Thursday, 28 August 2008

Dialogue Suu Kyi’s Real Motive

The Irrawaddy News

The burning question is: What was the real meaning and motive behind Aung San Suu Kyi’s refusal to meet UN Special Envoy Ibrahim Gambari last week?

Does it represent the first step in a new political strategy to blunt the relentless march to the 2010 elections?

The Nobel Peace Laureate may feel that time is running out for the country’s opposition, and the momentum is now in favor of the ruling military regime in its effort to establish a civilian government based on “disciplined democracy.”

There’s no doubt she sent a strong message to the world, and many observers call it a “smart, but risky move.”

Yes, it’s smart and risky, but she had no other choice. It was time for a bold move, and she made it.

Actually the motive is clear—to initiate an effective, long-sought direct dialogue between her and the top military leaders. She clearly believes a dialogue—with compromise on both sides—is the most effective chance to establish real democracy in Burma, which she has called for since she entered politics in 1988.

Last November, Suu Kyi sent a message through Gambari in which she again called for direct dialogue with top military leaders, rather than with Aung Kyi, the liaison minister appointed by the junta last year in a move to ease mounting international pressure following the monk-led uprising in 2007 September.

Also, Suu Kyi, in the past months, has sent a specific message to the UN, one critical of its lack of backbone in demanding a time-bound dialogue process and sticking to substantive issues, rather than allowing itself to be manipulated by the junta’s efforts to legitimize itself.

Nyan Win, the spokesperson for her opposition group, the National League for democracy, quoting her when she met with seven NLD executive members in January 2007, said, “She must be really disappointed with the UN’s current process because of the lack of a time frame,”

Nyan Win recently told The Irrawaddy, “It would be one of causes of her refusal to meet with the UN envoy.”

“We can’t continue to work with Mr Gambari under this condition without a time frame,” said Nyan Win.
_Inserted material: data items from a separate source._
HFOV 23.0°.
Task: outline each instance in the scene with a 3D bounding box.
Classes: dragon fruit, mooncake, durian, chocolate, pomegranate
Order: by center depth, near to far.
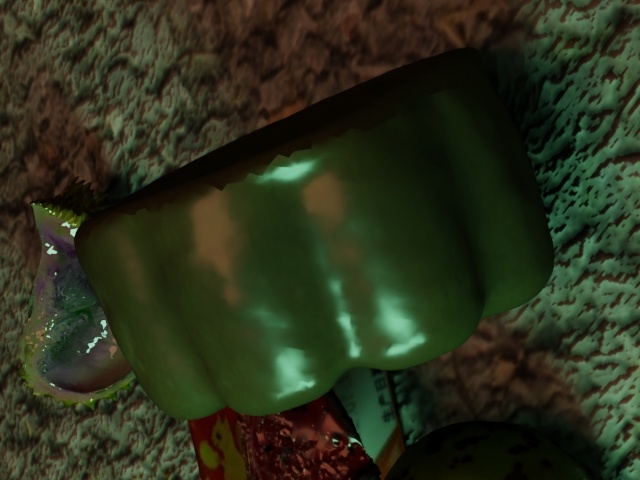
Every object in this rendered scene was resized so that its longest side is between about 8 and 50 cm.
[{"bbox_3d":[0.000,0.000,1.282,0.378,0.378,0.200,-16,100,49],"label":"mooncake"},{"bbox_3d":[0.152,0.269,1.384,0.211,0.211,0.263,38,172,30],"label":"pomegranate"},{"bbox_3d":[-0.032,0.170,1.417,0.122,0.092,0.192,-35,74,61],"label":"dragon fruit"},{"bbox_3d":[-0.039,0.158,1.583,0.237,0.108,0.234,1,106,48],"label":"chocolate"},{"bbox_3d":[-0.247,0.065,1.752,0.186,0.154,0.260,33,126,4],"label":"durian"}]
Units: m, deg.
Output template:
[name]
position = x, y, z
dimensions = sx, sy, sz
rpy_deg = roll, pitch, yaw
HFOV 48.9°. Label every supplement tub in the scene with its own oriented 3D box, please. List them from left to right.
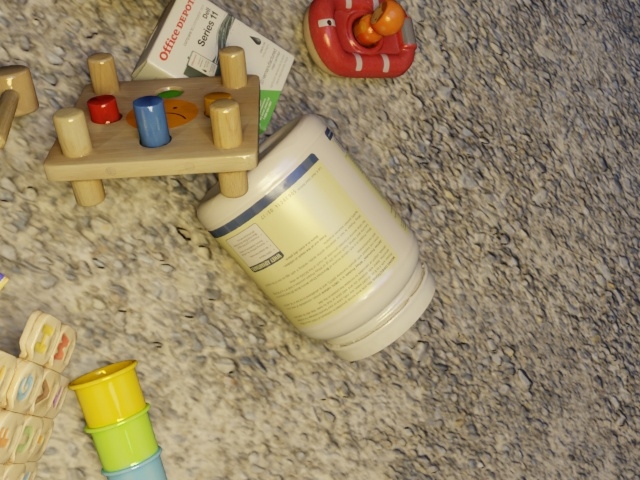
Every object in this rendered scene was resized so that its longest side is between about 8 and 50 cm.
[supplement tub]
position = 0.000, 0.000, 1.068
dimensions = 0.325, 0.235, 0.235
rpy_deg = 50, 61, -14

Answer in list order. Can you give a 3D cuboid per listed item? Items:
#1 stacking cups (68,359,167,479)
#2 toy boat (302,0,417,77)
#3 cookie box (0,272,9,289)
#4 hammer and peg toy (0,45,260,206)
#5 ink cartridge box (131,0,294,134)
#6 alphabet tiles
[stacking cups]
position = -0.241, 0.324, 0.958
dimensions = 0.096, 0.096, 0.316
rpy_deg = -22, 95, -32
[toy boat]
position = 0.088, -0.372, 1.233
dimensions = 0.231, 0.151, 0.151
rpy_deg = -8, 86, -32
[cookie box]
position = -0.471, 0.054, 0.893
dimensions = 0.107, 0.040, 0.092
rpy_deg = 42, 63, -19
[hammer and peg toy]
position = -0.259, -0.147, 0.919
dimensions = 0.361, 0.266, 0.127
rpy_deg = -4, 125, -2
[ink cartridge box]
position = -0.166, -0.271, 1.103
dimensions = 0.208, 0.087, 0.153
rpy_deg = 27, 68, -23
[alphabet tiles]
position = -0.354, 0.226, 0.809
dimensions = 0.021, 0.278, 0.284
rpy_deg = 16, 71, 2
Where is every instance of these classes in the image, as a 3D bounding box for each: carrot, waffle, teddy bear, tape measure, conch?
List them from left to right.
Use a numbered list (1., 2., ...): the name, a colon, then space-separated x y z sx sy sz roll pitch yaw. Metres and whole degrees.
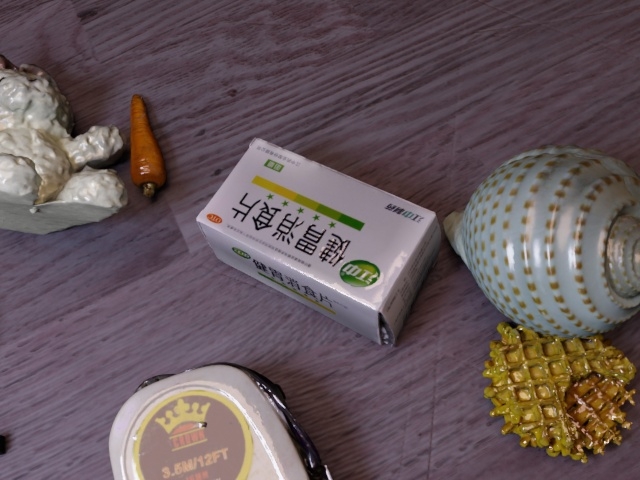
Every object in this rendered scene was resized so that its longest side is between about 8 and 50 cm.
1. teddy bear: -0.475 -0.201 1.099 0.327 0.375 0.362 8 76 -34
2. carrot: -0.317 -0.185 1.209 0.061 0.061 0.256 -15 57 0
3. tape measure: -0.129 0.269 0.890 0.271 0.133 0.231 -17 68 -3
4. conch: 0.320 -0.026 0.908 0.303 0.215 0.319 -22 43 -30
5. waffle: 0.320 0.189 0.898 0.197 0.070 0.193 14 63 16

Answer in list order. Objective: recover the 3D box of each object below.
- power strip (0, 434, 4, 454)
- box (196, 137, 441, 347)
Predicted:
1. power strip: -0.519 0.309 0.972 0.111 0.038 0.029 -15 61 1
2. box: 0.002 0.001 1.008 0.333 0.145 0.173 26 70 20

During Gambari’s latest trip, said Nyan Win, he discussed the upcoming elections in meetings with the NLD executive members, and he met with junta-backed political and civil groups. “That was not on the list of what he is supposed to do,” said Nyan Win. “It’s outside his mission.”

Earlier, Gambari had said the UN has offered to assist in the upcoming elections in an effort to ensure fairness and establish international credibility. “We suggested that he not talk about the upcoming 2010 elections,” said Nyan Win. “But he said nothing about our suggestion.”

Gambari’s publically stated mission includes securing the release of all political prisoners, including Suu Kyi, and restarting direct talks between Suu Kyi and top junta leaders.

Nyan Win bluntly said Gambari’s latest trip was a waste of time. Marie Okabe, a deputy spokeswoman for UN Secretary-General Ban Ki-moon, countered such criticism, calling the envoy’s visits a “process, not an event.”

Suu Kyi must believe that she has very little time left to craft a constructive agreement with the junta that could bring true democracy to Burma. She knows the junta is good at using “a process” to stall. The countdown to the 2010 elections draws nearer with each day.

Indeed, Suu Kyi has probably made a risky move, but it may be the only chance left to alter the junta’s march to a “disciplined democracy,” a euphemism for military rule.